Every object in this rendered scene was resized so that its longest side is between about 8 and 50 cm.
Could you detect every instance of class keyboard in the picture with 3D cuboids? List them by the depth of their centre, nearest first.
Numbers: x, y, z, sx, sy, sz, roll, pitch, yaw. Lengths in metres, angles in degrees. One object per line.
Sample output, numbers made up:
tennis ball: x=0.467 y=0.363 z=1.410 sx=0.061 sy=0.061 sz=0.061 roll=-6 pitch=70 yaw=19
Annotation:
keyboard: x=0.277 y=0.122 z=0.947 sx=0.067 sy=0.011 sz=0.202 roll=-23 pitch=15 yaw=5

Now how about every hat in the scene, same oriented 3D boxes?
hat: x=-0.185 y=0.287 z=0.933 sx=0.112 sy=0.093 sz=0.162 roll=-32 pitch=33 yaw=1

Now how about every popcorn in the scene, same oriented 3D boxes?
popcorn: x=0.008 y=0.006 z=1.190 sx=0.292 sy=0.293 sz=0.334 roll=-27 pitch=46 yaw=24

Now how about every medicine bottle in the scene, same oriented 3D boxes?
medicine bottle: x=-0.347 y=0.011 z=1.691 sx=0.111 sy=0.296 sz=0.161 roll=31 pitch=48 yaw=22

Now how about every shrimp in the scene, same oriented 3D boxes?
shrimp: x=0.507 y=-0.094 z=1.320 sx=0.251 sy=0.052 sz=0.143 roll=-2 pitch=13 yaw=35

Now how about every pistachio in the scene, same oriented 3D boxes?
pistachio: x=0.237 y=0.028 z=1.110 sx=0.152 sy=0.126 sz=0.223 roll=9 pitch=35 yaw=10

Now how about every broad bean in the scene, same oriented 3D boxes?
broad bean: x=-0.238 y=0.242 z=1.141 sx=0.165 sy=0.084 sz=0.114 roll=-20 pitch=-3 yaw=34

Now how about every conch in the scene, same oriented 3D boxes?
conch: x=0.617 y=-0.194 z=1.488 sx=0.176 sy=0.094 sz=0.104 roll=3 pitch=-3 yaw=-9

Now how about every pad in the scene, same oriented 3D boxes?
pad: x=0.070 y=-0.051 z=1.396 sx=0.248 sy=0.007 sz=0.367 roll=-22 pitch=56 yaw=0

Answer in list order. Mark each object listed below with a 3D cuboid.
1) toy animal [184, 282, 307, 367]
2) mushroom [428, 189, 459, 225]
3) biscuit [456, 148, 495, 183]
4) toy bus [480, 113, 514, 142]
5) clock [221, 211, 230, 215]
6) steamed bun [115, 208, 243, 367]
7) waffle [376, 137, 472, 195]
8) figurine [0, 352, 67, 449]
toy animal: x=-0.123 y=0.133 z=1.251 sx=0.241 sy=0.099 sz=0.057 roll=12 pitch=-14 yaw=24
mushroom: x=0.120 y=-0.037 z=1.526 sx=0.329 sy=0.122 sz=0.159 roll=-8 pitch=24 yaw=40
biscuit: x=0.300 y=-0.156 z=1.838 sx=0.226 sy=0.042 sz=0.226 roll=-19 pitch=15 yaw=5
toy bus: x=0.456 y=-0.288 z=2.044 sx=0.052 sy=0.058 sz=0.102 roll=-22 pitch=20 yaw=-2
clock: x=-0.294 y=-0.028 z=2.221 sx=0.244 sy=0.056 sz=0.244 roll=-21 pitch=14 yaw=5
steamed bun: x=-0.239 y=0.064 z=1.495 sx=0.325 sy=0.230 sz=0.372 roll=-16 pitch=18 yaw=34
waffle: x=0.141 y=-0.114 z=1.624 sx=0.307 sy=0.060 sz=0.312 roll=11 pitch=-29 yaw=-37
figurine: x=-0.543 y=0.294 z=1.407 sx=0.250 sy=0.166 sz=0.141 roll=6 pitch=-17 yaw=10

**About this exercise**.
Every line from the data above that contains "with" must appear in the answer.

**Solution**.
Could you detect every instance of class keyboard in the picture with 3D cuboids? List them by the depth of their centre, nearest first.
Answer in list order. Mark each object listed below with a 3D cuboid.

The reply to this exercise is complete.